Speed/size features on an 512MB RaspberryPI:
  - a complete boot is less than 25 seconds
  - cpu is around 30% load
  - memory used is 32%
  - total system size is less than 300MB

Edit. You can download my build from here(contains eGalax module and XBMC patches).
Username is root and password is openelec.

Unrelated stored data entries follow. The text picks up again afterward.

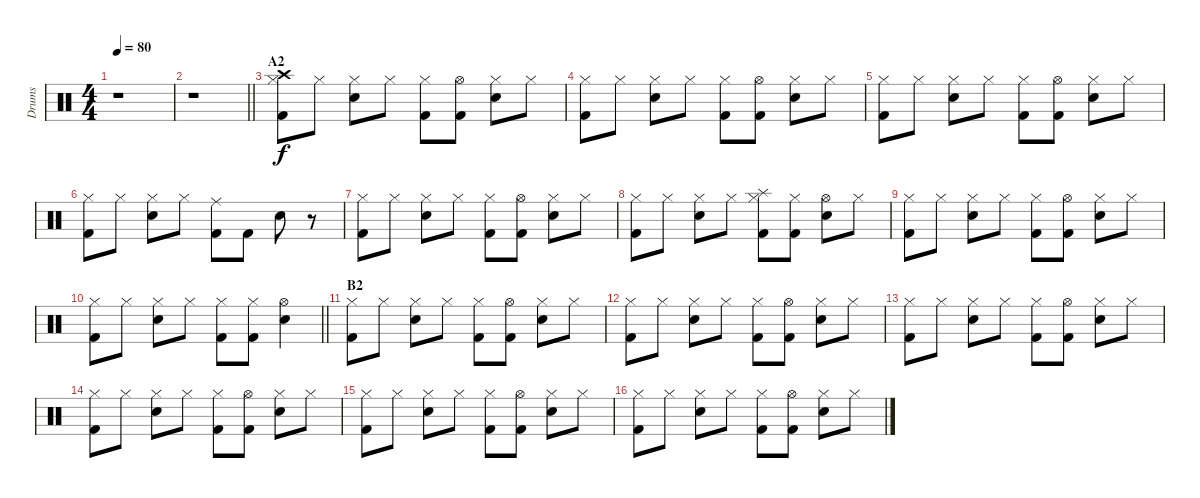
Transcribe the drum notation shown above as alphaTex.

\track ("Drums" "Drums") {instrument percussion}
\staff {score}
\articulation defaults
\ts (4 4)
\tempo 80
\clef neutral
\ks c
r.1{dy f} |
\barLineRight lightlight
r.1 |
\section ("" "A2")
("Hi-Hat (closed)" "Crash high (hit)" "Kick (hit) 2").8 "Hi-Hat (closed)".8 ("Hi-Hat (closed)" "Snare (hit) 2").8 "Hi-Hat (closed)".8 ("Hi-Hat (closed)" "Kick (hit) 2").8 ("Hi-Hat (open)" "Kick (hit) 2").8 ("Hi-Hat (closed)" "Snare (hit) 2").8 "Hi-Hat (closed)".8 |
("Hi-Hat (closed)" "Kick (hit) 2").8 "Hi-Hat (closed)".8 ("Hi-Hat (closed)" "Snare (hit) 2").8 "Hi-Hat (closed)".8 ("Hi-Hat (closed)" "Kick (hit) 2").8 ("Hi-Hat (open)" "Kick (hit) 2").8 ("Hi-Hat (closed)" "Snare (hit) 2").8 "Hi-Hat (closed)".8 |
("Hi-Hat (closed)" "Kick (hit) 2").8 "Hi-Hat (closed)".8 ("Hi-Hat (closed)" "Snare (hit) 2").8 "Hi-Hat (closed)".8 ("Hi-Hat (closed)" "Kick (hit) 2").8 ("Hi-Hat (open)" "Kick (hit) 2").8 ("Hi-Hat (closed)" "Snare (hit) 2").8 "Hi-Hat (closed)".8 |
("Hi-Hat (closed)" "Kick (hit) 2").8 "Hi-Hat (closed)".8 ("Hi-Hat (closed)" "Snare (hit) 2").8 "Hi-Hat (closed)".8 ("Ride (middle)" "Kick (hit) 2").8 "Kick (hit) 2".8 "Snare (hit) 2".8 r.8 |
("Hi-Hat (closed)" "Kick (hit) 2").8 "Hi-Hat (closed)".8 ("Hi-Hat (closed)" "Snare (hit) 2").8 "Hi-Hat (closed)".8 ("Hi-Hat (closed)" "Kick (hit) 2").8 ("Hi-Hat (open)" "Kick (hit) 2").8 ("Hi-Hat (closed)" "Snare (hit) 2").8 "Hi-Hat (closed)".8 |
("Hi-Hat (closed)" "Kick (hit) 2").8 "Hi-Hat (closed)".8 ("Hi-Hat (closed)" "Snare (hit) 2").8 "Hi-Hat (closed)".8 ("Hi-Hat (closed)" "Splash (hit)" "Kick (hit) 2").8 ("Hi-Hat (closed)" "Kick (hit) 2").8 ("Hi-Hat (open)" "Snare (hit) 2").8 "Hi-Hat (closed)".8 |
("Hi-Hat (closed)" "Kick (hit) 2").8 "Hi-Hat (closed)".8 ("Hi-Hat (closed)" "Snare (hit) 2").8 "Hi-Hat (closed)".8 ("Hi-Hat (closed)" "Kick (hit) 2").8 ("Hi-Hat (open)" "Kick (hit) 2").8 ("Hi-Hat (closed)" "Snare (hit) 2").8 "Hi-Hat (closed)".8 |
\barLineRight lightlight
("Hi-Hat (closed)" "Kick (hit) 2").8 "Hi-Hat (closed)".8 ("Hi-Hat (closed)" "Snare (hit) 2").8 "Hi-Hat (closed)".8 ("Hi-Hat (closed)" "Kick (hit) 2").8 ("Hi-Hat (closed)" "Kick (hit) 2").8 ("Hi-Hat (open)" "Snare (hit) 2").4 |
\section ("" "B2")
("Hi-Hat (closed)" "Kick (hit) 2").8 "Hi-Hat (closed)".8 ("Hi-Hat (closed)" "Snare (hit) 2").8 "Hi-Hat (closed)".8 ("Hi-Hat (closed)" "Kick (hit) 2").8 ("Hi-Hat (open)" "Kick (hit) 2").8 ("Hi-Hat (closed)" "Snare (hit) 2").8 "Hi-Hat (closed)".8 |
("Hi-Hat (closed)" "Kick (hit) 2").8 "Hi-Hat (closed)".8 ("Hi-Hat (closed)" "Snare (hit) 2").8 "Hi-Hat (closed)".8 ("Hi-Hat (closed)" "Kick (hit) 2").8 ("Hi-Hat (open)" "Kick (hit) 2").8 ("Hi-Hat (closed)" "Snare (hit) 2").8 "Hi-Hat (closed)".8 |
("Hi-Hat (closed)" "Kick (hit) 2").8 "Hi-Hat (closed)".8 ("Hi-Hat (closed)" "Snare (hit) 2").8 "Hi-Hat (closed)".8 ("Hi-Hat (closed)" "Kick (hit) 2").8 ("Hi-Hat (open)" "Kick (hit) 2").8 ("Hi-Hat (closed)" "Snare (hit) 2").8 "Hi-Hat (closed)".8 |
("Hi-Hat (closed)" "Kick (hit) 2").8 "Hi-Hat (closed)".8 ("Hi-Hat (closed)" "Snare (hit) 2").8 "Hi-Hat (closed)".8 ("Hi-Hat (closed)" "Kick (hit) 2").8 ("Hi-Hat (open)" "Kick (hit) 2").8 ("Hi-Hat (closed)" "Snare (hit) 2").8 "Hi-Hat (closed)".8 |
("Hi-Hat (closed)" "Kick (hit) 2").8 "Hi-Hat (closed)".8 ("Hi-Hat (closed)" "Snare (hit) 2").8 "Hi-Hat (closed)".8 ("Hi-Hat (closed)" "Kick (hit) 2").8 ("Hi-Hat (open)" "Kick (hit) 2").8 ("Hi-Hat (closed)" "Snare (hit) 2").8 "Hi-Hat (closed)".8 |
("Hi-Hat (closed)" "Kick (hit) 2").8 "Hi-Hat (closed)".8 ("Hi-Hat (closed)" "Snare (hit) 2").8 "Hi-Hat (closed)".8 ("Hi-Hat (closed)" "Kick (hit) 2").8 ("Hi-Hat (open)" "Kick (hit) 2").8 ("Hi-Hat (closed)" "Snare (hit) 2").8 "Hi-Hat (closed)".8

The touch screen calibration file should be put in /storage/touchscreen_axes_calib.

Next, I will guide you through the instructions for building(cross compile) latest OpenElec  for Raspberry PI with touch screen support.
For this tutorial let's assume that you have a Linux machine where you will work.

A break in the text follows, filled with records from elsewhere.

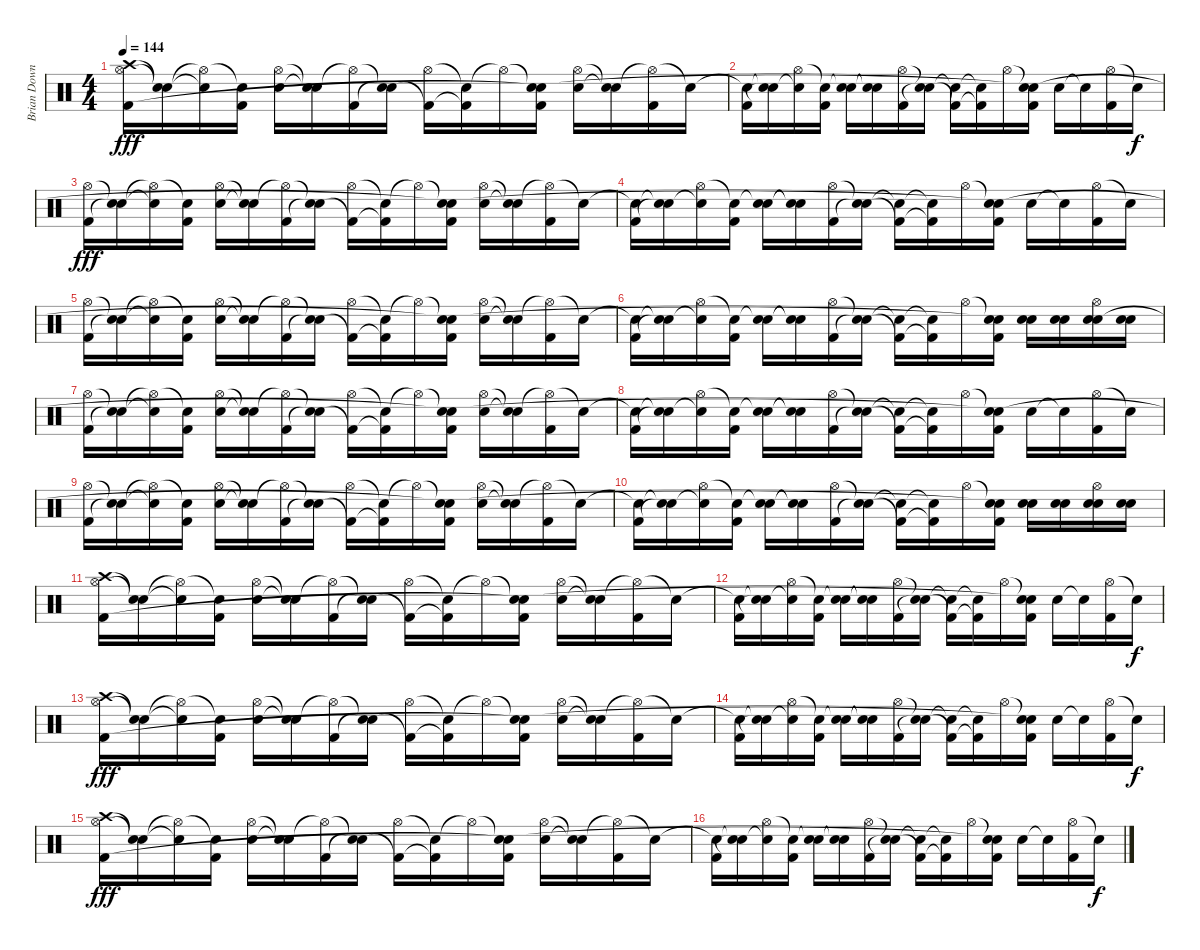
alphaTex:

\track ("Brian Downey" "Brian Down") {instrument percussion}
\staff {score}
\articulation defaults
\ts (4 4)
\tempo 144
\clef neutral
\ks c
("Crash high (hit)" "Hi-Hat (open)" "Kick (hit) 2").16{dy fff} ("Snare (hit)"{t} "Snare (hit)"{t}).16 ("Hi-Hat (open)"{t} "Snare (hit)"{t}).16 ("Snare (hit)"{t} "Kick (hit) 2").16 ("Hi-Hat (open)" "Electric Snare (hit)").16 ("Snare (hit)"{t} "Snare (hit)"{t}).16 ("Hi-Hat (open)"{t} "Kick (hit) 2").16 ("Snare (hit)"{t} "Snare (hit)"{t}).16 ("Hi-Hat (open)" "Kick (hit) 2"{t}).16 ("Snare (hit)"{t} "Kick (hit) 2"{t}).16 "Hi-Hat (open)"{t}.16 ("Snare (hit)"{t} "Kick (hit) 2" "Snare (hit)"{t}).16 ("Hi-Hat (open)" "Electric Snare (hit)").16 ("Snare (hit)"{t} "Snare (hit)"{t}).16 ("Hi-Hat (open)"{t} "Kick (hit) 2").16 "Snare (hit)"{t}.16 |
("Snare (hit)"{t} "Kick (hit) 2").16 ("Snare (hit)"{t} "Snare (hit)"{t}).16 ("Hi-Hat (open)" "Snare (hit)"{t}).16 ("Snare (hit)"{t} "Kick (hit) 2").16 ("Snare (hit)"{t} "Electric Snare (hit)").16 ("Snare (hit)"{t} "Snare (hit)"{t}).16 ("Hi-Hat (open)" "Kick (hit) 2").16 ("Snare (hit)"{t} "Snare (hit)"{t}).16 ("Snare (hit)"{t} "Kick (hit) 2"{t}).16 ("Snare (hit)"{t} "Kick (hit) 2"{t}).16 "Hi-Hat (open)".16 ("Snare (hit)"{t} "Kick (hit) 2" "Snare (hit)"{t}).16 "Electric Snare (hit)".16 "Snare (hit)"{t}.16 ("Hi-Hat (open)" "Kick (hit) 2").16 "Snare (hit)"{t}.16{dy f} |
("Hi-Hat (open)" "Kick (hit) 2").16{dy fff} ("Snare (hit)"{t} "Snare (hit)"{t}).16 ("Hi-Hat (open)"{t} "Snare (hit)"{t}).16 ("Snare (hit)"{t} "Kick (hit) 2").16 ("Hi-Hat (open)" "Electric Snare (hit)").16 ("Snare (hit)"{t} "Snare (hit)"{t}).16 ("Hi-Hat (open)"{t} "Kick (hit) 2").16 ("Snare (hit)"{t} "Snare (hit)"{t}).16 ("Hi-Hat (open)" "Kick (hit) 2"{t}).16 ("Snare (hit)"{t} "Kick (hit) 2"{t}).16 "Hi-Hat (open)"{t}.16 ("Snare (hit)"{t} "Kick (hit) 2" "Snare (hit)"{t}).16 ("Hi-Hat (open)" "Electric Snare (hit)").16 ("Snare (hit)"{t} "Snare (hit)"{t}).16 ("Hi-Hat (open)"{t} "Kick (hit) 2").16 "Snare (hit)"{t}.16 |
("Snare (hit)"{t} "Kick (hit) 2").16 ("Snare (hit)"{t} "Snare (hit)"{t}).16 ("Hi-Hat (open)" "Snare (hit)"{t}).16 ("Snare (hit)"{t} "Kick (hit) 2").16 ("Snare (hit)"{t} "Electric Snare (hit)").16 ("Snare (hit)"{t} "Snare (hit)"{t}).16 ("Hi-Hat (open)" "Kick (hit) 2").16 ("Snare (hit)"{t} "Snare (hit)"{t}).16 ("Snare (hit)"{t} "Kick (hit) 2"{t}).16 ("Snare (hit)"{t} "Kick (hit) 2"{t}).16 "Hi-Hat (open)".16 ("Snare (hit)"{t} "Kick (hit) 2" "Snare (hit)"{t}).16 "Electric Snare (hit)".16 "Snare (hit)"{t}.16 ("Hi-Hat (open)" "Kick (hit) 2").16 "Snare (hit)"{t}.16 |
("Hi-Hat (open)" "Kick (hit) 2").16 ("Snare (hit)"{t} "Snare (hit)"{t}).16 ("Hi-Hat (open)"{t} "Snare (hit)"{t}).16 ("Snare (hit)"{t} "Kick (hit) 2").16 ("Hi-Hat (open)" "Electric Snare (hit)").16 ("Snare (hit)"{t} "Snare (hit)"{t}).16 ("Hi-Hat (open)"{t} "Kick (hit) 2").16 ("Snare (hit)"{t} "Snare (hit)"{t}).16 ("Hi-Hat (open)" "Kick (hit) 2"{t}).16 ("Snare (hit)"{t} "Kick (hit) 2"{t}).16 "Hi-Hat (open)"{t}.16 ("Snare (hit)"{t} "Kick (hit) 2" "Snare (hit)"{t}).16 ("Hi-Hat (open)" "Electric Snare (hit)").16 ("Snare (hit)"{t} "Snare (hit)"{t}).16 ("Hi-Hat (open)"{t} "Kick (hit) 2").16 "Snare (hit)"{t}.16 |
("Snare (hit)"{t} "Kick (hit) 2").16 ("Snare (hit)"{t} "Snare (hit)"{t}).16 ("Hi-Hat (open)" "Snare (hit)"{t}).16 ("Snare (hit)"{t} "Kick (hit) 2").16 ("Snare (hit)"{t} "Electric Snare (hit)").16 ("Snare (hit)"{t} "Snare (hit)"{t}).16 ("Hi-Hat (open)" "Kick (hit) 2").16 ("Snare (hit)"{t} "Snare (hit)"{t}).16 ("Snare (hit)"{t} "Kick (hit) 2"{t}).16 ("Snare (hit)"{t} "Kick (hit) 2"{t}).16 "Hi-Hat (open)".16 ("Snare (hit)"{t} "Kick (hit) 2" "Snare (hit)"{t}).16 ("Electric Snare (hit)" "Snare (hit) 2").16 ("Electric Snare (hit)" "Snare (hit) 2").16 ("Hi-Hat (open)" "Electric Snare (hit)" "Snare (hit) 2").16 ("Electric Snare (hit)" "Snare (hit) 2").16 |
("Hi-Hat (open)" "Kick (hit) 2").16 ("Snare (hit)"{t} "Snare (hit)"{t}).16 ("Hi-Hat (open)"{t} "Snare (hit)"{t}).16 ("Snare (hit)"{t} "Kick (hit) 2").16 ("Hi-Hat (open)" "Electric Snare (hit)").16 ("Snare (hit)"{t} "Snare (hit)"{t}).16 ("Hi-Hat (open)"{t} "Kick (hit) 2").16 ("Snare (hit)"{t} "Snare (hit)"{t}).16 ("Hi-Hat (open)" "Kick (hit) 2"{t}).16 ("Snare (hit)"{t} "Kick (hit) 2"{t}).16 "Hi-Hat (open)"{t}.16 ("Snare (hit)"{t} "Kick (hit) 2" "Snare (hit)"{t}).16 ("Hi-Hat (open)" "Electric Snare (hit)").16 ("Snare (hit)"{t} "Snare (hit)"{t}).16 ("Hi-Hat (open)"{t} "Kick (hit) 2").16 "Snare (hit)"{t}.16 |
("Snare (hit)"{t} "Kick (hit) 2").16 ("Snare (hit)"{t} "Snare (hit)"{t}).16 ("Hi-Hat (open)" "Snare (hit)"{t}).16 ("Snare (hit)"{t} "Kick (hit) 2").16 ("Snare (hit)"{t} "Electric Snare (hit)").16 ("Snare (hit)"{t} "Snare (hit)"{t}).16 ("Hi-Hat (open)" "Kick (hit) 2").16 ("Snare (hit)"{t} "Snare (hit)"{t}).16 ("Snare (hit)"{t} "Kick (hit) 2"{t}).16 ("Snare (hit)"{t} "Kick (hit) 2"{t}).16 "Hi-Hat (open)".16 ("Snare (hit)"{t} "Kick (hit) 2" "Snare (hit)"{t}).16 "Electric Snare (hit)".16 "Snare (hit)"{t}.16 ("Hi-Hat (open)" "Kick (hit) 2").16 "Snare (hit)"{t}.16 |
("Hi-Hat (open)" "Kick (hit) 2").16 ("Snare (hit)"{t} "Snare (hit)"{t}).16 ("Hi-Hat (open)"{t} "Snare (hit)"{t}).16 ("Snare (hit)"{t} "Kick (hit) 2").16 ("Hi-Hat (open)" "Electric Snare (hit)").16 ("Snare (hit)"{t} "Snare (hit)"{t}).16 ("Hi-Hat (open)"{t} "Kick (hit) 2").16 ("Snare (hit)"{t} "Snare (hit)"{t}).16 ("Hi-Hat (open)" "Kick (hit) 2"{t}).16 ("Snare (hit)"{t} "Kick (hit) 2"{t}).16 "Hi-Hat (open)"{t}.16 ("Snare (hit)"{t} "Kick (hit) 2" "Snare (hit)"{t}).16 ("Hi-Hat (open)" "Electric Snare (hit)").16 ("Snare (hit)"{t} "Snare (hit)"{t}).16 ("Hi-Hat (open)"{t} "Kick (hit) 2").16 "Snare (hit)"{t}.16 |
("Snare (hit)"{t} "Kick (hit) 2").16 ("Snare (hit)"{t} "Snare (hit)"{t}).16 ("Hi-Hat (open)" "Snare (hit)"{t}).16 ("Snare (hit)"{t} "Kick (hit) 2").16 ("Snare (hit)"{t} "Electric Snare (hit)").16 ("Snare (hit)"{t} "Snare (hit)"{t}).16 ("Hi-Hat (open)" "Kick (hit) 2").16 ("Snare (hit)"{t} "Snare (hit)"{t}).16 ("Snare (hit)"{t} "Kick (hit) 2"{t}).16 ("Snare (hit)"{t} "Kick (hit) 2"{t}).16 "Hi-Hat (open)".16 ("Snare (hit)"{t} "Kick (hit) 2" "Snare (hit)"{t}).16 ("Electric Snare (hit)" "Snare (hit) 2").16 ("Electric Snare (hit)" "Snare (hit) 2").16 ("Hi-Hat (open)" "Electric Snare (hit)" "Snare (hit) 2").16 ("Electric Snare (hit)" "Snare (hit) 2").16 |
("Crash high (hit)" "Hi-Hat (open)" "Kick (hit) 2").16 ("Snare (hit)"{t} "Snare (hit)"{t}).16 ("Hi-Hat (open)"{t} "Snare (hit)"{t}).16 ("Snare (hit)"{t} "Kick (hit) 2").16 ("Hi-Hat (open)" "Electric Snare (hit)").16 ("Snare (hit)"{t} "Snare (hit)"{t}).16 ("Hi-Hat (open)"{t} "Kick (hit) 2").16 ("Snare (hit)"{t} "Snare (hit)"{t}).16 ("Hi-Hat (open)" "Kick (hit) 2"{t}).16 ("Snare (hit)"{t} "Kick (hit) 2"{t}).16 "Hi-Hat (open)"{t}.16 ("Snare (hit)"{t} "Kick (hit) 2" "Snare (hit)"{t}).16 ("Hi-Hat (open)" "Electric Snare (hit)").16 ("Snare (hit)"{t} "Snare (hit)"{t}).16 ("Hi-Hat (open)"{t} "Kick (hit) 2").16 "Snare (hit)"{t}.16 |
("Snare (hit)"{t} "Kick (hit) 2").16 ("Snare (hit)"{t} "Snare (hit)"{t}).16 ("Hi-Hat (open)" "Snare (hit)"{t}).16 ("Snare (hit)"{t} "Kick (hit) 2").16 ("Snare (hit)"{t} "Electric Snare (hit)").16 ("Snare (hit)"{t} "Snare (hit)"{t}).16 ("Hi-Hat (open)" "Kick (hit) 2").16 ("Snare (hit)"{t} "Snare (hit)"{t}).16 ("Snare (hit)"{t} "Kick (hit) 2"{t}).16 ("Snare (hit)"{t} "Kick (hit) 2"{t}).16 "Hi-Hat (open)".16 ("Snare (hit)"{t} "Kick (hit) 2" "Snare (hit)"{t}).16 "Electric Snare (hit)".16 "Snare (hit)"{t}.16 ("Hi-Hat (open)" "Kick (hit) 2").16 "Snare (hit)"{t}.16{dy f} |
("Crash high (hit)" "Hi-Hat (open)" "Kick (hit) 2").16{dy fff} ("Snare (hit)"{t} "Snare (hit)"{t}).16 ("Hi-Hat (open)"{t} "Snare (hit)"{t}).16 ("Snare (hit)"{t} "Kick (hit) 2").16 ("Hi-Hat (open)" "Electric Snare (hit)").16 ("Snare (hit)"{t} "Snare (hit)"{t}).16 ("Hi-Hat (open)"{t} "Kick (hit) 2").16 ("Snare (hit)"{t} "Snare (hit)"{t}).16 ("Hi-Hat (open)" "Kick (hit) 2"{t}).16 ("Snare (hit)"{t} "Kick (hit) 2"{t}).16 "Hi-Hat (open)"{t}.16 ("Snare (hit)"{t} "Kick (hit) 2" "Snare (hit)"{t}).16 ("Hi-Hat (open)" "Electric Snare (hit)").16 ("Snare (hit)"{t} "Snare (hit)"{t}).16 ("Hi-Hat (open)"{t} "Kick (hit) 2").16 "Snare (hit)"{t}.16 |
("Snare (hit)"{t} "Kick (hit) 2").16 ("Snare (hit)"{t} "Snare (hit)"{t}).16 ("Hi-Hat (open)" "Snare (hit)"{t}).16 ("Snare (hit)"{t} "Kick (hit) 2").16 ("Snare (hit)"{t} "Electric Snare (hit)").16 ("Snare (hit)"{t} "Snare (hit)"{t}).16 ("Hi-Hat (open)" "Kick (hit) 2").16 ("Snare (hit)"{t} "Snare (hit)"{t}).16 ("Snare (hit)"{t} "Kick (hit) 2"{t}).16 ("Snare (hit)"{t} "Kick (hit) 2"{t}).16 "Hi-Hat (open)".16 ("Snare (hit)"{t} "Kick (hit) 2" "Snare (hit)"{t}).16 "Electric Snare (hit)".16 "Snare (hit)"{t}.16 ("Hi-Hat (open)" "Kick (hit) 2").16 "Snare (hit)"{t}.16{dy f} |
("Crash high (hit)" "Hi-Hat (open)" "Kick (hit) 2").16{dy fff} ("Snare (hit)"{t} "Snare (hit)"{t}).16 ("Hi-Hat (open)"{t} "Snare (hit)"{t}).16 ("Snare (hit)"{t} "Kick (hit) 2").16 ("Hi-Hat (open)" "Electric Snare (hit)").16 ("Snare (hit)"{t} "Snare (hit)"{t}).16 ("Hi-Hat (open)"{t} "Kick (hit) 2").16 ("Snare (hit)"{t} "Snare (hit)"{t}).16 ("Hi-Hat (open)" "Kick (hit) 2"{t}).16 ("Snare (hit)"{t} "Kick (hit) 2"{t}).16 "Hi-Hat (open)"{t}.16 ("Snare (hit)"{t} "Kick (hit) 2" "Snare (hit)"{t}).16 ("Hi-Hat (open)" "Electric Snare (hit)").16 ("Snare (hit)"{t} "Snare (hit)"{t}).16 ("Hi-Hat (open)"{t} "Kick (hit) 2").16 "Snare (hit)"{t}.16 |
("Snare (hit)"{t} "Kick (hit) 2").16 ("Snare (hit)"{t} "Snare (hit)"{t}).16 ("Hi-Hat (open)" "Snare (hit)"{t}).16 ("Snare (hit)"{t} "Kick (hit) 2").16 ("Snare (hit)"{t} "Electric Snare (hit)").16 ("Snare (hit)"{t} "Snare (hit)"{t}).16 ("Hi-Hat (open)" "Kick (hit) 2").16 ("Snare (hit)"{t} "Snare (hit)"{t}).16 ("Snare (hit)"{t} "Kick (hit) 2"{t}).16 ("Snare (hit)"{t} "Kick (hit) 2"{t}).16 "Hi-Hat (open)".16 ("Snare (hit)"{t} "Kick (hit) 2" "Snare (hit)"{t}).16 "Electric Snare (hit)".16 "Snare (hit)"{t}.16 ("Hi-Hat (open)" "Kick (hit) 2").16 "Snare (hit)"{t}.16{dy f}

1. Get the latest OpenElec.
git clone git://github.com/OpenELEC/OpenELEC.tv.git

2. Add kernel touch screen module support.
Open the file OpenELEC.tv/projects/RPI/linux/linux.arm.conf and search for "CONFIG_INPUT_TOUCHSCREEN". Replace the whole text line with the following lines:
CONFIG_INPUT_TOUCHSCREEN=y
CONFIG_TOUCHSCREEN_USB_COMPOSITE=y
CONFIG_TOUCHSCREEN_USB_EGALAX=y
3. Fix ppl version in OpenElec.
Open the file OpenELEC.tv/packages/toolchain/math/ppl/meta and change PKG_VERSION from "1.1pre9" to "1.1pre10"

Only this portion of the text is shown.